The entire future of the internet may now depend on some plastic retainers. Specifically, two competing versions of those clear plastic alignment systems adults sometimes get instead of braces. And if that sounds weird — which to be fair, it really is — well, welcome to the strange, utterly pervasive world of IP law in a digital century.
The Wall Street Journal explains where this particular strange test case for regulation came from. It all stems from a question of international trade and digital transmissions originating overseas.
Here’s the background: there are two companies in a trade dispute over orthodontic devices. The products are InvisAlign, which you’ve probably heard of, and ClearCorrect, a competitor that you may not have.
Align Technology, the company behind InvisAlign, holds some patents on the technology. The International Trade Commission found that ClearCorrect was infringing on some of Align’s patents when they made their own teeth-alignment devices, and ordered ClearCorrect to stop. That’s pretty straightforward; it’s what the ITC does. One of the agency’s major purposes is to stop IP-infringing stuff — including counterfeit and knockoff goods, and items that infringe on patents or trademarks — from coming into the U.S.

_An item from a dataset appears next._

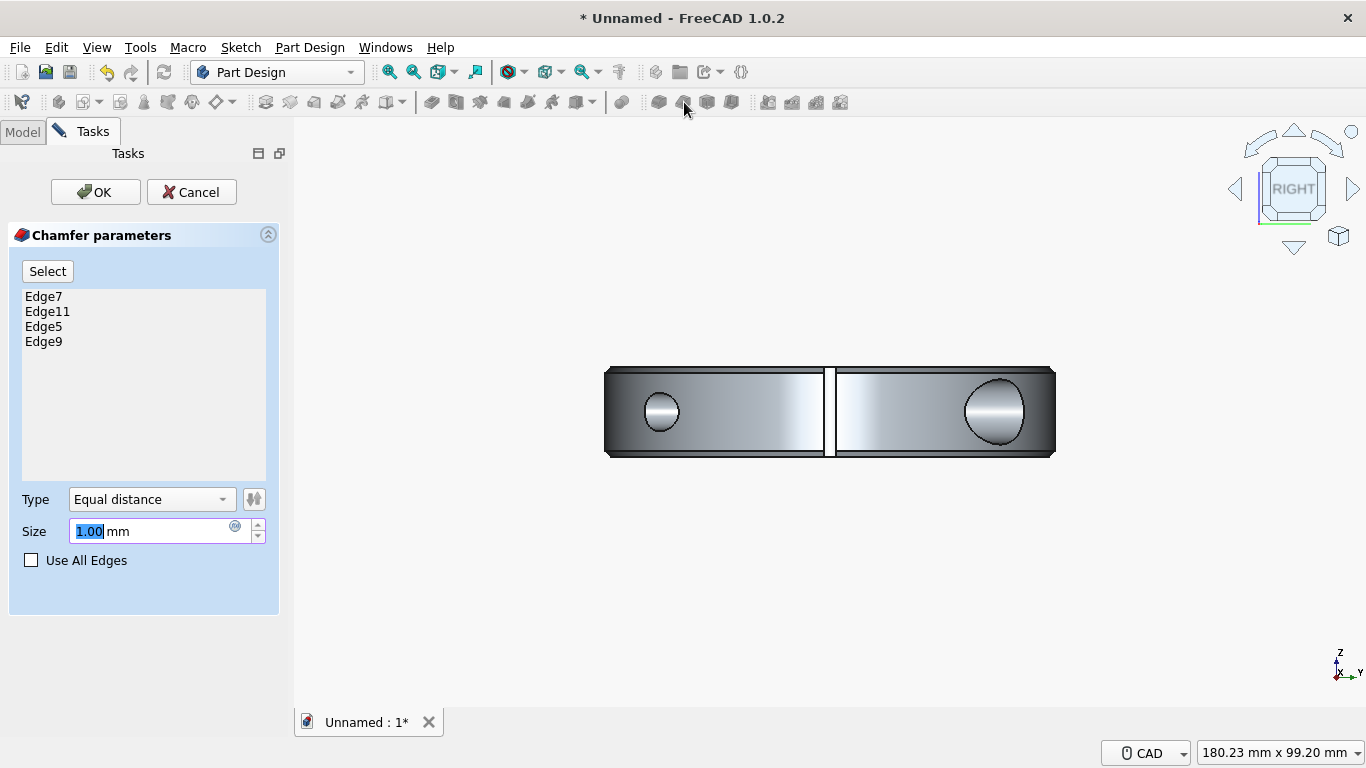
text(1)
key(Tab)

Except ClearCorrect, a Texas-based company, wasn’t importing the actual plastic devices from overseas. They were importing digital information from overseas. Their process starts by scanning a patient’s teeth, here in the U.S. Then that digital file is sent to technicians in Pakistan who create more digital models, for the steps between crooked teeth and straight ones. Those digital models — just files — then get zapped back across to Texas, where ClearCorrect feeds the models into a 3D printer. Voila: retainers.
To the ITC, however, importing the digital infringing articles worked out to the same end as importing the physical infringing articles, and so in 2012 (PDF) they told ClearCorrect to stop.

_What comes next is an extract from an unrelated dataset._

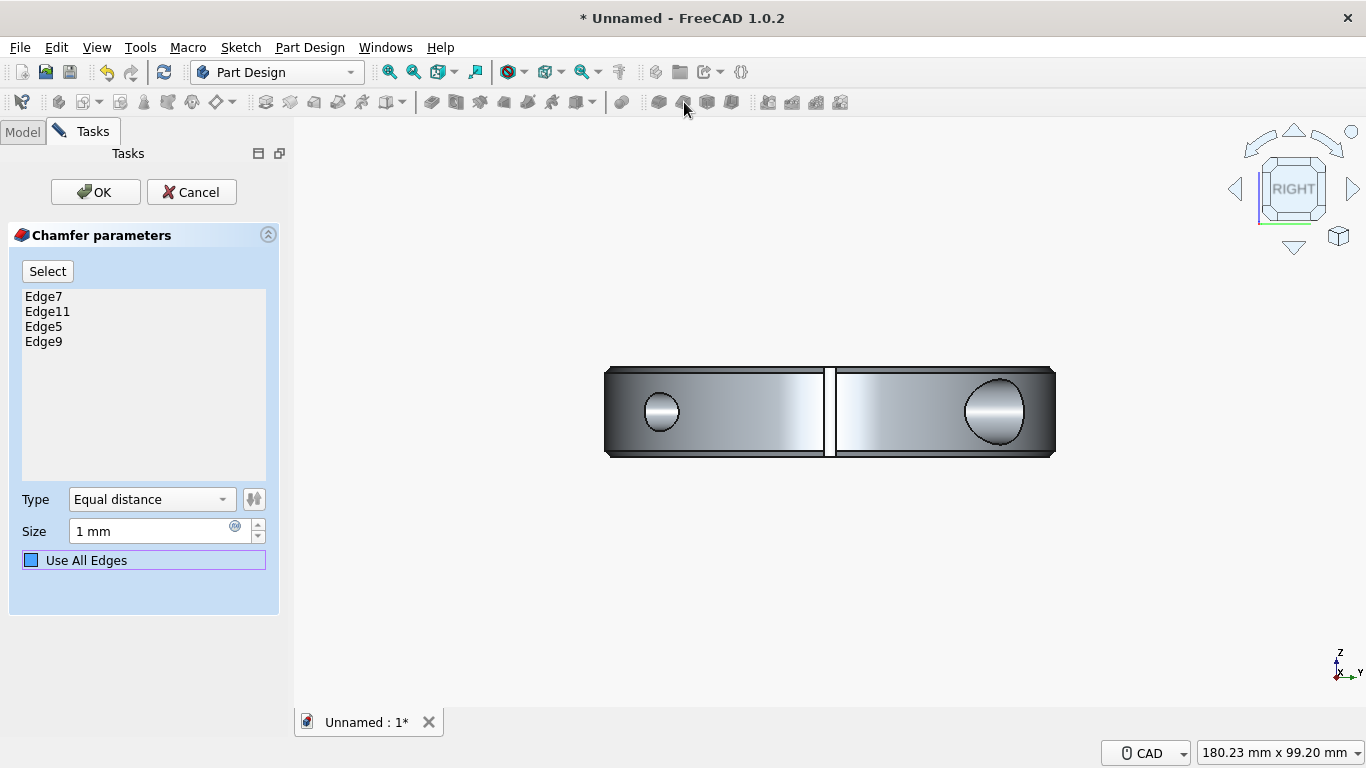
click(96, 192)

The action by the ITC marked the first time the agency had intervened to take action against virtual, rather than physical, infringing material. As you might guess, that decision has resulted in a whole lot of pushback. ClearCorrect appealed the decision, and both sides are being joined by a wide array of internet, tech, consumer, and privacy groups.
The key issue everyone else is worked up about has nothing to do with dentistry, orthodontics, or even patents but everything to do with copyright, software, networks, piracy, and precedent. In short: if a trade regulatory agency can go after companies that send IP-infringing files zipping around the world, that opens up a whole new Pandora’s box of potential woe.
To trade groups like the MPAA and RIAA, the ITC’s move is a great idea. It gives them a new tool in the regulatory toolbox that would let them shut down pirated music, movies, and other media that come in from sites hosted outside of the United States. A senior attorney for the MPAA told the WSJ that the ITC’s approach “matches up well with some of our current problems,” and added that if the commission “is limited to just physical goods, the ITC will end up in the historical dustbin because everything these days is moving toward electronic importation.”
Groups that represent internet businesses and individuals, however, are much more concerned. The Internet Association, which represents basically every top-tier internet business you’ve ever heard of, filed a brief in the case (PDF) arguing that the ITC’s stance was dangerous overreach. At the time the brief was filed, Abigail Slater, the organization’s VP of Legal and Regulatory Policy, said, “This landmark patent law case has enormous implications for cloud computing, the free flow of information between countries and the future of a free and open Internet. … We believe the Commission’s position is unlawful, unenforceable, and harmful to global Internet commerce.”
Advocacy groups Public Knowledge and the EFF also filed a brief arguing that treating digital files as imported articles could have further harms. “The decision to treat digital data as an article of importation raises the question of whether all telecommunications, including phone calls, audio streams and television broadcasts, are also articles of importation,” Charles Duan, Director of the Patent Reform Project at Public Knowledge, said of their filing.
He added, “Additionally, we must now ask if internet service providers, telecommunication companies, or even individual internet users can be summoned before the ITC. Unless the Federal Circuit rejects the ITC’s overboard and incorrect decision, these questions may plague the courts and the public for years to come.”
It’s not hard to see why the ITC made the initial judgement it did about ClearCorrect. The line between digital and physical content grows more blurred every day, and it’s now possible for anyone with a 3D printer, anywhere in the world, to print out basically anything from a file generated anywhere else in the world. Patent-infringing and counterfeit goods are only going to get easier to make and distribute as more and more items have their full plans scanned into a computer somewhere, and it’s the ITC’s job to try to stop that.
But it’s also easy to see how dangerous a precedent may be set if the appeals court agrees. The movie and recording industries are not known for restraint when it comes to throwing every kitchen sink they can find at anyone they even suspect of getting a $5 movie or a 3-minute song for free — regardless of how much other damage it could cause to the entire rest of the internet.
Either way, it will be months yet before we know how this will play out: The U.S. Court of Appeals for the Federal Circuit will hear arguments in the case in Washington, D.C. on August 11.